June with dignitaries at various events targeting SMEs. [PHOTOS: JENIPHER WACHIE AND COURTESY/ STANDARD]
By SYLVIA WAKHISI
At the age of 20, June Gathoni made a bold step that would see her life, and that of many others, transformed greatly. She started her own company, Next Generation Technology, an ICT firm that would see her brush shoulders with different classes of people who sought her services. Talk of ambition.
“Right from the time I was in high school, I envisioned becoming an entrepreneur. I had a notebook where I would write down the kind of businesses I would start. Little did I know that in a few years, my dream would come to pass,” says the 33-year-old.
“My business focused on sales and service of ICT equipment. Starting and running a business at such a young age had its fair share of challenges but I had people who supported me.”
She had practically no money when she started out and relied on getting goods on credit then using the money from her clients to pay her creditors.
“I got my first local purchase order of Sh120,000 a year after starting my business, but I refused to be discouraged. I was soon supplying my products to various companies and that kept me going.”
However, she did not stop there. She closed her ICT business in 2008 to focus on helping others grow their businesses. In 2009, June teamed up with Wanjiru Njenga to start the Small and Medium Entrepreneurial Resource Centre which is involved in entrepreneurship development and promotion.
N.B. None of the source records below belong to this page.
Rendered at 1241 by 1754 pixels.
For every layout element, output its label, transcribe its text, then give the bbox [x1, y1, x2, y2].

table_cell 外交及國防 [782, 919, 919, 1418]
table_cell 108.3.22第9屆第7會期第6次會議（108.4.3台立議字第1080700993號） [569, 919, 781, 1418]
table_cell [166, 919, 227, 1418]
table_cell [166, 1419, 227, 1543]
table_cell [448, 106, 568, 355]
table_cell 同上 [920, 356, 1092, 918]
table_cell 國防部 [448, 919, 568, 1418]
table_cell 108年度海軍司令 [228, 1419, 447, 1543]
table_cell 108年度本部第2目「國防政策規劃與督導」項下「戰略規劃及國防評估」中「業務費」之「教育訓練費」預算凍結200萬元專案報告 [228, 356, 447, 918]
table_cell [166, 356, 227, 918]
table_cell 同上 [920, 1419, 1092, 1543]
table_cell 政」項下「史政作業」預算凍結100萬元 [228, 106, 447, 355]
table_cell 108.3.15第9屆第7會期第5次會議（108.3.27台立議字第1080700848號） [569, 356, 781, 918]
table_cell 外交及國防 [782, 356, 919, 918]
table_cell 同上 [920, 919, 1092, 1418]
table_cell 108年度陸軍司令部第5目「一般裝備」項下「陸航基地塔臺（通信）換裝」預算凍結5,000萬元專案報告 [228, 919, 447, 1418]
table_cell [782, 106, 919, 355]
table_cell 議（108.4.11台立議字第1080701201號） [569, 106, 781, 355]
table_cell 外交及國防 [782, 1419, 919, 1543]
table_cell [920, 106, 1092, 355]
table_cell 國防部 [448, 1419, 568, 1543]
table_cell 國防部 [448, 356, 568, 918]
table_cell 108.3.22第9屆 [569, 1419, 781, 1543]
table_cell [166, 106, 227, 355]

Their starting capital was about a million shillings.
“There are two groups of entrepreneurs; made and inborn. I was born an entrepreneur and have found great fulfilment in it,” says June.
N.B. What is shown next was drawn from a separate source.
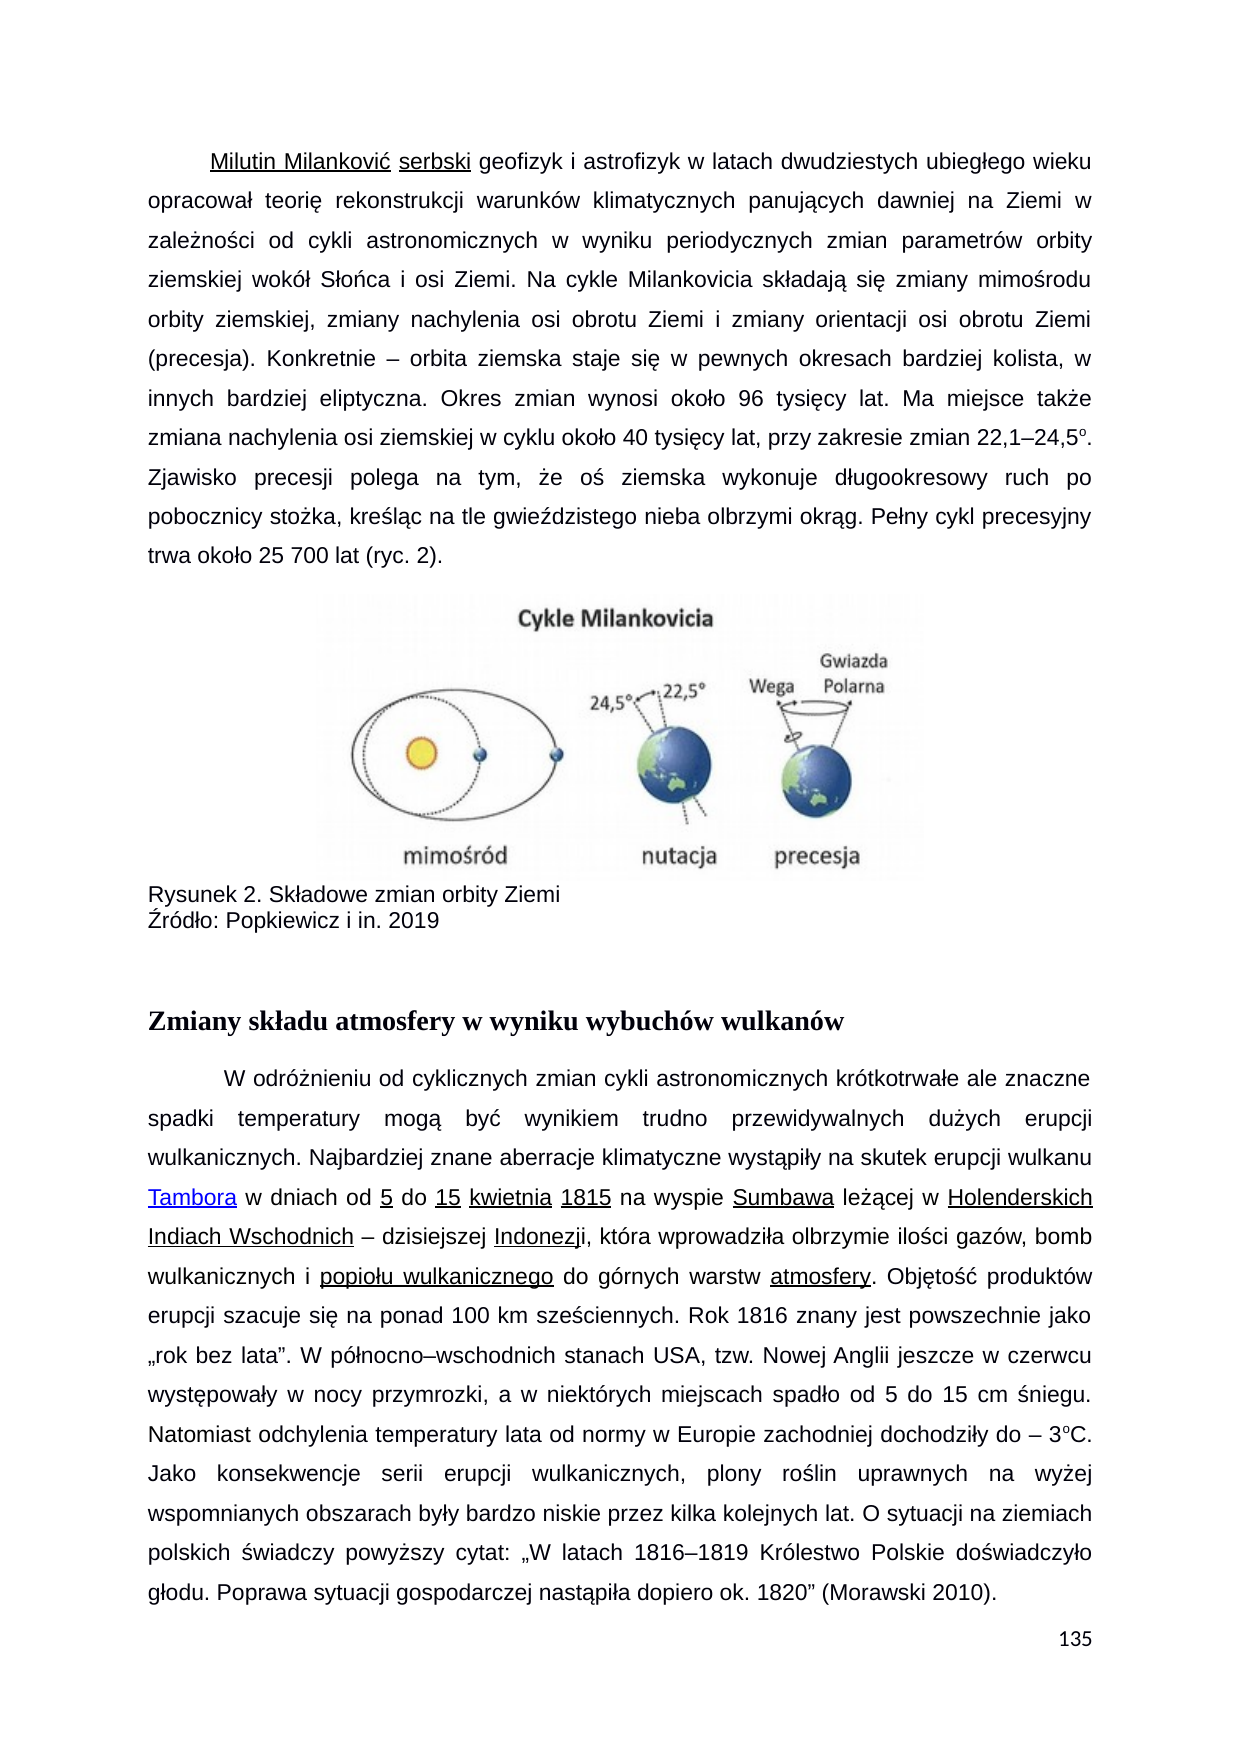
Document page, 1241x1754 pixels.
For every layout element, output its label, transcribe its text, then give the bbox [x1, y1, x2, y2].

The centre, based in Nairobi’s Hurlingham area, is not only a thriving business (now worth Sh40 million), but has also helped thousands of entrepreneurs grow their own businesses.
As a co-founder and the chief executive officer of the centre, June oversees the day-to-day running of activities. There is a team of ten employees, and when there is an event requiring more manpower, professional personnel from different fields are outsourced.
Passionate about entrepreneurship and economic empowerment through business, June is involved in finding ideas that are easily adaptable to small and medium-sized enterprises (SMEs), hence creating sustainable livelihoods and job creation, and contributing to the growth of the economy.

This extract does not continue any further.